One of these candidates is not like the other. On the same day Democratic presidential candidates appeared at the AFL-CIO conference, GOP hopeful Mike Huckabee made his pitch to the union.

Huckabee was the only Republican presidential candidate to appear. The AFL-CIO is still mulling its White House options.

The labor group unanimously voted last Monday to delay endorsing Hillary Clinton for the 2016 nomination. In recent weeks, Clinton has caused many labor activists to second-guess her intentions as she delayed taking a firm stance on key issues such as the Trans-Pacific Partnership and a $15 minimum wage.

Huckabee is running as a conservative, but claims that he will "never be the Washington-Wall Street candidate" and that he is fighting for those who have been left behind. The former Arkansas governor also went on to blast Obama's trade deal, the tax code and the federal deficit.

Huckabee's opposition to entitlement reforms he says will hurt the social safety net and support for trade restrictions have irritated many fiscal conservatives, but endeared him to blue-collar GOP conservative voters.

For the past 40 years, wages have remained flat for 90 percent of Americans, and since 2000 the United States has lost 5 million manufacturing jobs, closing over 60,000 manufacturing plants along with it, Huckabee argued in an op-ed on Wednesday. He also claimed that if Republicans are to win the White House in 2016, they must do better amongst Hispanic, African-American and union voters.

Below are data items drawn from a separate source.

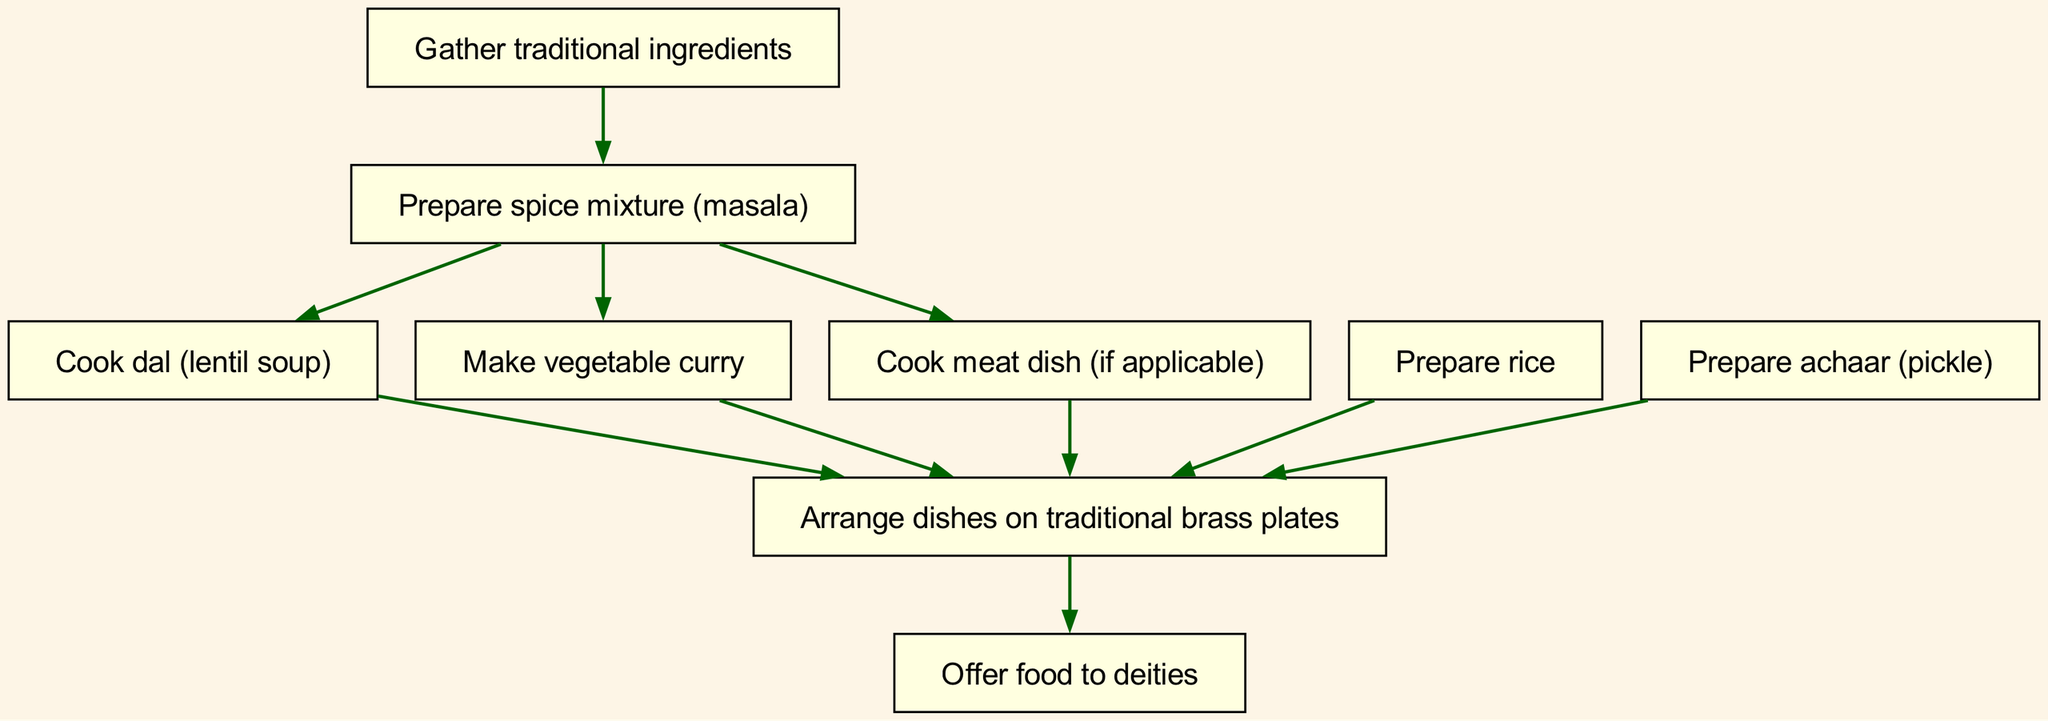What is the first step in preparing a typical Nepalese festival meal? The diagram shows that the first step (represented by the node "1") is "Gather traditional ingredients," which starts the flow of preparation.
Answer: Gather traditional ingredients How many steps are involved in this meal preparation process? By counting the nodes in the diagram, there are a total of nine steps, which represent the various tasks involved in preparing the meal.
Answer: Nine Which dish is prepared after making the spice mixture? According to the connections in the diagram, the spice mixture leads to the preparation of dal, vegetable curry, and meat dish, with dal being the first in sequence.
Answer: Cook dal What is the relationship between preparing rice and arranging dishes? The diagram shows that preparing rice is a prerequisite to arranging dishes, indicating that rice must be cooked before the dishes are arranged on traditional brass plates.
Answer: Preparing rice → Arrange dishes What is the last action taken in the process? The diagram indicates that the last action is to "Offer food to deities," which is the concluding step after arranging the dishes.
Answer: Offer food to deities How many dishes are prepared before arranging them on plates? The diagram shows that there are five dishes that lead to the arrangement on plates (dal, rice, vegetable curry, meat dish, and achaar).
Answer: Five Which dish does not have a direct connection to the preparation of rice? The diagram reveals that the connection from the spice mixture leads directly to preparing vegetable curry and meat dishes but does not connect directly to rice, indicating that the rice preparation is independent of that step.
Answer: Make vegetable curry What do you do after preparing achaar? The diagram indicates that after preparing achaar, the next step is arranging dishes on traditional brass plates, showing the flow of preparation.
Answer: Arrange dishes How does one obtain the spice mixture in the process? The diagram shows that the spice mixture is prepared after gathering the traditional ingredients, establishing the order of operations needed.
Answer: Gather traditional ingredients 
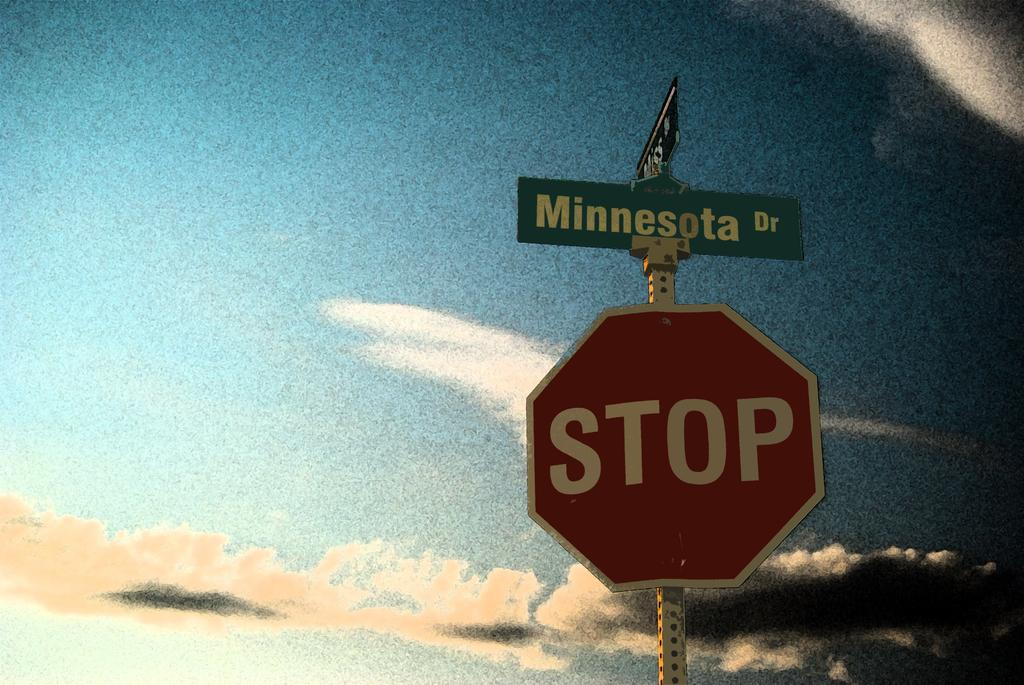<image>
Describe the image concisely. A red stop sign has a green street sign above it that says Minnesota Dr. 
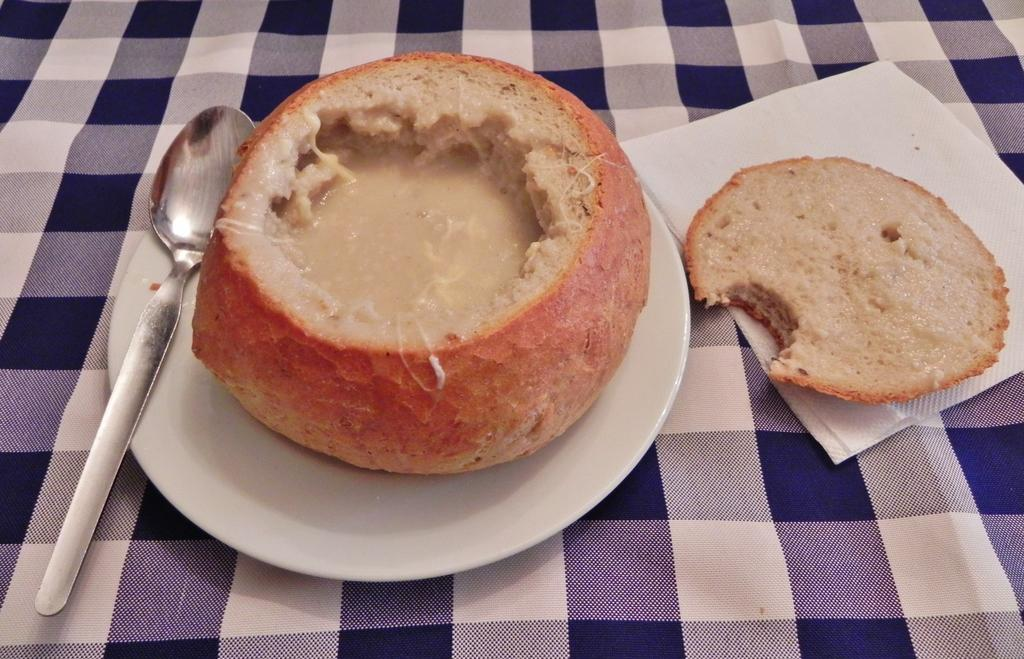What is on the plate in the image? There are food items on a plate in the image. What is used for wiping or cleaning in the image? There is a paper napkin in the image. What utensil is present in the image? There is a spoon in the image. Where is the spoon located in the image? The spoon is on a cloth in the image. What type of harmony is being played in the background of the image? There is no music or harmony present in the image; it only features food items, a paper napkin, a spoon, and a cloth. Can you see a chain attached to the spoon in the image? There is no chain attached to the spoon in the image.

"I've been fighting for the forgotten long before it was the cool thing to do — particularly in the GOP," Huckabee said in the op-ed. "I won't agree with the AFL-CIO on everything, but I do agree that American workers have been getting punched in the gut and kicked in the teeth."

During the meeting, Huckabee stressed the importance of collaboration between labor unions and the Republican Party, citing the Trans-Pacific Partnership as an example. He also said that labor unions are not "the enemy" of the Republican Party.